You can download all the URLs in different categories and use OnCrawl to check their HTTPS status, canonical tags… and create a spreadsheet like this:
Organizing your data this way can help you track issues and implement solutions for URLs that need to be fixed or improved. You can also check which URLs are correct and do not need correction.
You can also add more information to this spreadsheet from other sources such as ahrefs, Majestic and OnCrawl integration with Google Analytics. This will allow you to pull links, traffic, and conversion data for each URL into Google Search Console.
All this data can help you make better decisions for each page.
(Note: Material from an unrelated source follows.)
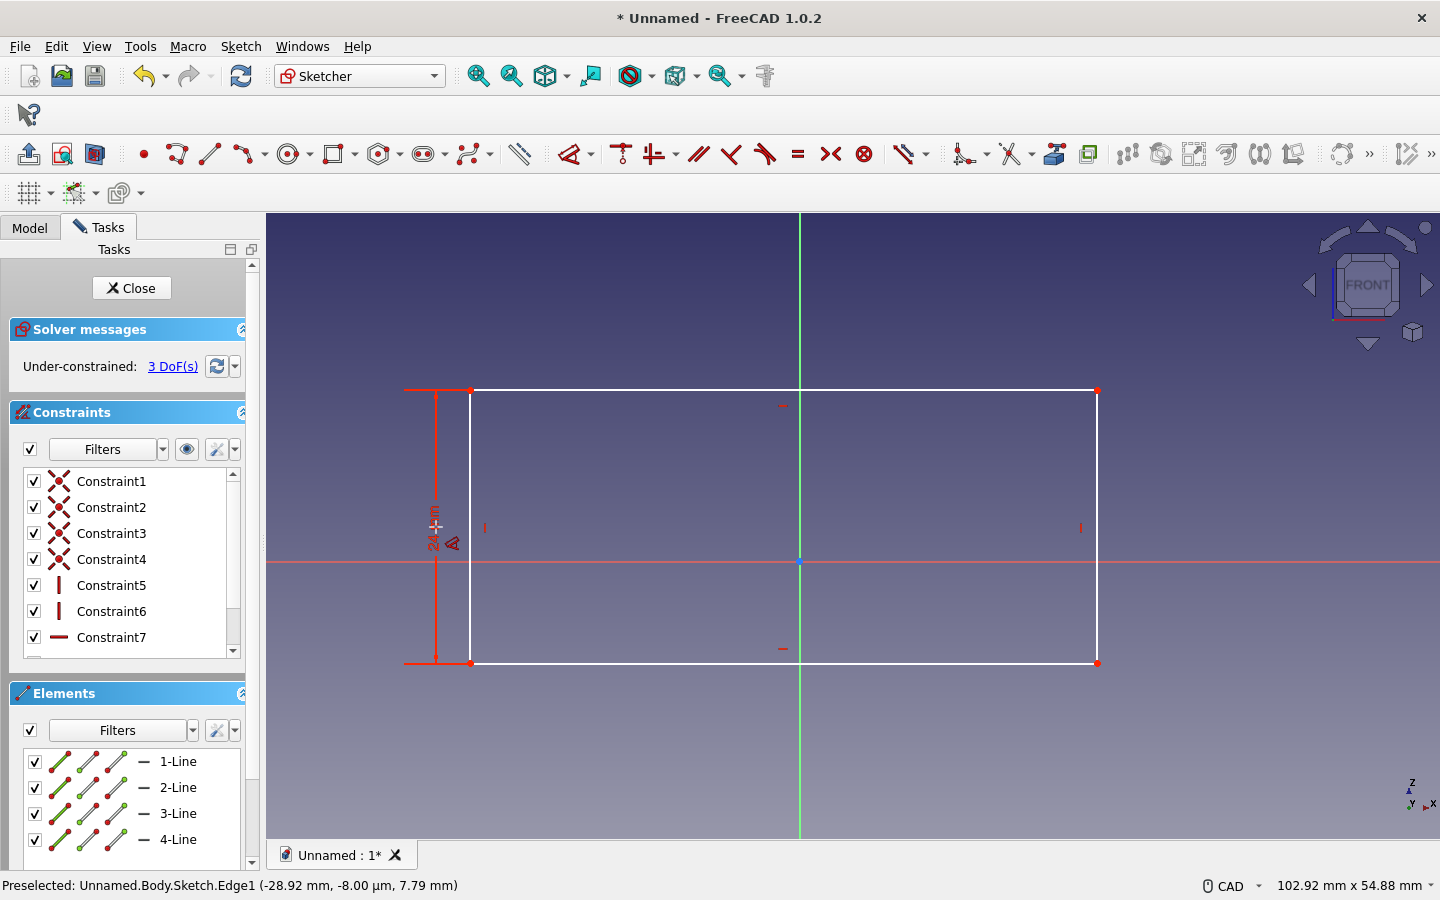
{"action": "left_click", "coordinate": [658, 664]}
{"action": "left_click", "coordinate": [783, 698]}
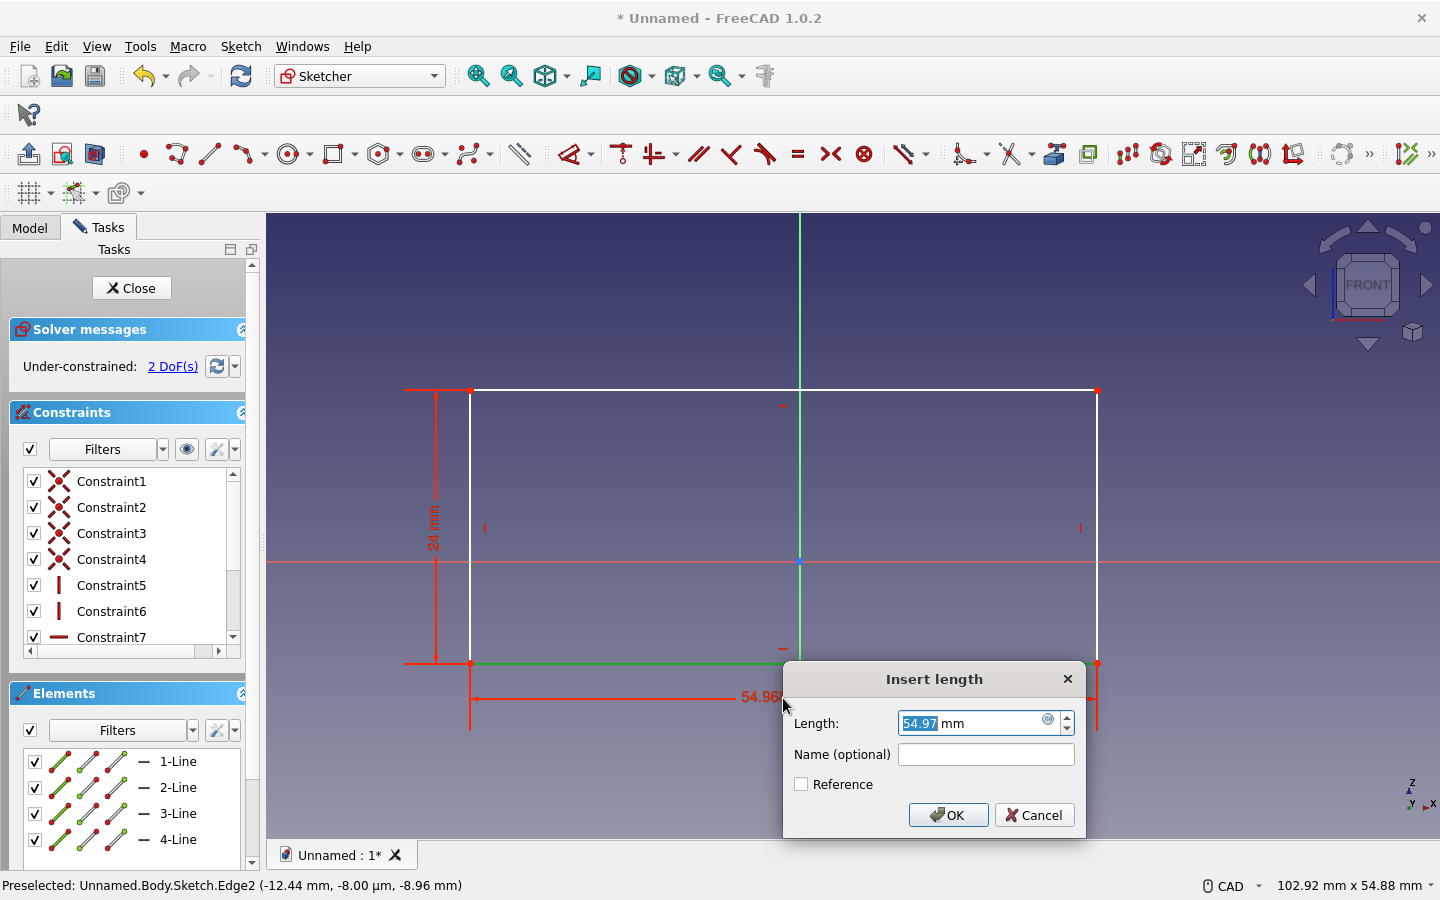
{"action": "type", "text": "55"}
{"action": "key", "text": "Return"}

For example, if you have a list of 404 pages, you can cross-reference this with your backlinks data to verify that you are not losing link equity from domains that link to broken pages on your site. Huh. Or you can check the indexed pages and the amount of organic traffic received. You can identify indexed pages that are not getting organic traffic and you can work on optimizing them (improving content and usability) to drive more traffic to that page.
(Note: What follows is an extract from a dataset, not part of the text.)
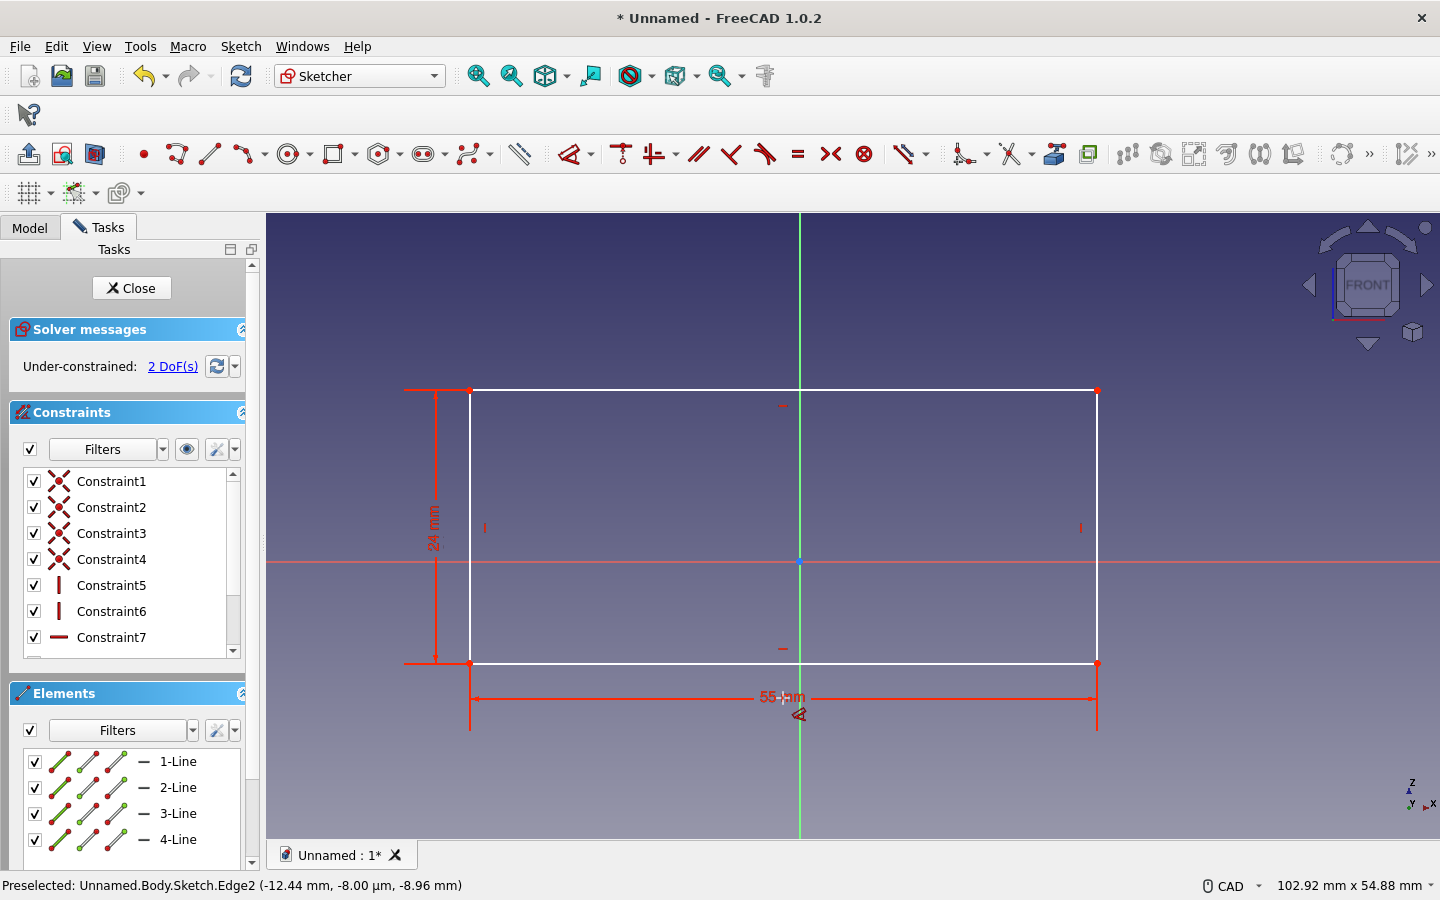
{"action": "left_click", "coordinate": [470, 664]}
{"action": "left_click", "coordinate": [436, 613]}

With this additional data, you can create a summary on another worksheet. You can use the formula =COUNTIF(category, criteria) to calculate the URL on each type of page (this table can be a complement to the table that AJ Khon suggested above). You can also use another formula to sum the backlinks, visits, or conversions extracted from each URL and show them in a summary table with the following formula =SUMIF(category, criteria, [sum_rang]). You will get something like this:
I really like working with summary tables that provide an overview of the data and can help me identify the sections I need to focus on.
The Bottom Line
When fixing issues in the coverage report and analyzing the data, you should think about: Is my site optimized for crawl? Are my indexed and valid pages increasing or decreasing? Are erroneous pages rising or falling? Am I allowing Google to spend time on URLs that will bring more value to my users or are they looking for a lot of junk pages?
With these answers, you can start applying improvements to your site already. Googlebot can spend more crawl budget on a page which can provide more value to users instead of crawling unnecessary pages. You can use robots.txt to improve crawl functionality, remove unnecessary URLs if possible, or use canonical or no-index tags to avoid duplicate content.
Google regularly adds updated features and data to various Google Search Console reports. Hopefully, we’ll continue to see more data in each category in the coverage report as well as in other Google Search Console reports.
If you really find this content useful. then don’t forget to share and leave your thoughts Thank you.